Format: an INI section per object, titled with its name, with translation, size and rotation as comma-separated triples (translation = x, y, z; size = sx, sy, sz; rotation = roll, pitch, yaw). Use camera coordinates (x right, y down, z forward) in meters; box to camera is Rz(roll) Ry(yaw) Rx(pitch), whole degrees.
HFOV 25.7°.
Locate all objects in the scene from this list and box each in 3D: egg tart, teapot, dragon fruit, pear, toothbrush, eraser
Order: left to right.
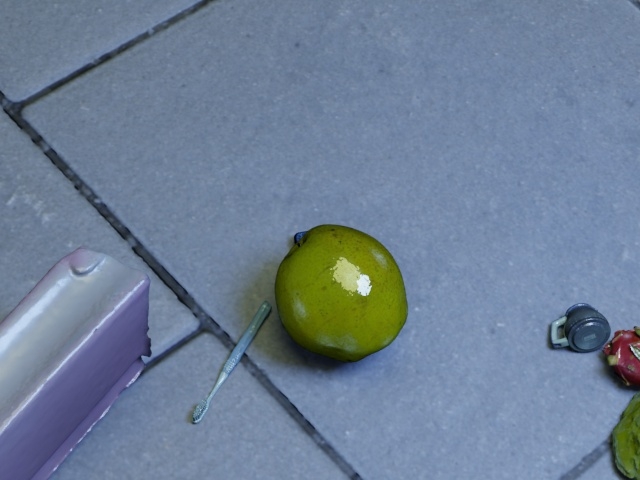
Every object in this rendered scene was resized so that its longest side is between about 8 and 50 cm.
[eraser]
translation = -0.372, 0.202, 1.801
size = 0.122, 0.272, 0.359
rotation = 31, 59, 13
[toothbrush]
translation = -0.126, 0.171, 2.001
size = 0.016, 0.019, 0.219
rotation = 23, 57, 15
[pear]
translation = 0.029, 0.076, 1.990
size = 0.198, 0.198, 0.198
rotation = 3, 56, -4
[teapot]
translation = 0.379, 0.128, 2.067
size = 0.088, 0.066, 0.057
rotation = -21, 38, 7
[dragon fruit]
translation = 0.468, 0.175, 2.026
size = 0.116, 0.086, 0.081
rotation = 38, 23, 8
[egg tart]
translation = 0.510, 0.283, 1.962
size = 0.197, 0.078, 0.197
rotation = 4, 57, -6

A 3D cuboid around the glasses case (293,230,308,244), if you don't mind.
[glasses case]
translation = 0.000, 0.000, 2.126
size = 0.083, 0.023, 0.033
rotation = -9, 49, -14

● ● ● ● ●

Instructions for the task =
Please return every line from the material above where the string "right" occurs.

Written reply =
Format: an INI section per object, titled with its name, with translation, size and rotation as comma-separated triples (translation = x, y, z; size = sx, sy, sz; rotation = roll, pitch, yaw). Use camera coordinates (x right, y down, z forward) in meters; box to camera is Rz(roll) Ry(yaw) Rx(pitch), whole degrees.
Order: left to right.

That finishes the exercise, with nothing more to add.